# [WORK REQUIRED]
Print the whole listing exactly as it appears, but skip the pictures.

# [TASK INPUTS]
----

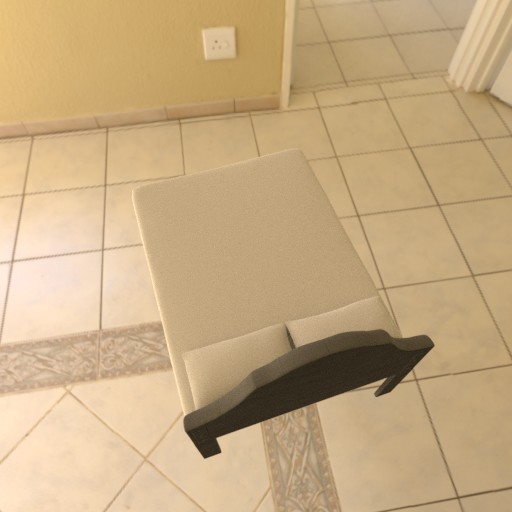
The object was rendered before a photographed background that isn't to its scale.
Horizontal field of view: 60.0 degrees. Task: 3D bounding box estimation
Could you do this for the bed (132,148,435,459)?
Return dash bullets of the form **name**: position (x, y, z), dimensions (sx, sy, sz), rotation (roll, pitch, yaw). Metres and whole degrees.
- **bed**: position (0.000, 0.000, 3.245), dimensions (1.636, 1.575, 2.155), rotation (-16, 60, -10)

----

# [COMPLETED EXERCISE]
The object was rendered before a photographed background that isn't to its scale.
Horizontal field of view: 60.0 degrees. Task: 3D bounding box estimation
Could you do this for the bed (132,148,435,459)?
Return dash bullets of the form **name**: position (x, y, z), dimensions (sx, sy, sz), rotation (roll, pitch, yaw). Metres and whole degrees.
- **bed**: position (0.000, 0.000, 3.245), dimensions (1.636, 1.575, 2.155), rotation (-16, 60, -10)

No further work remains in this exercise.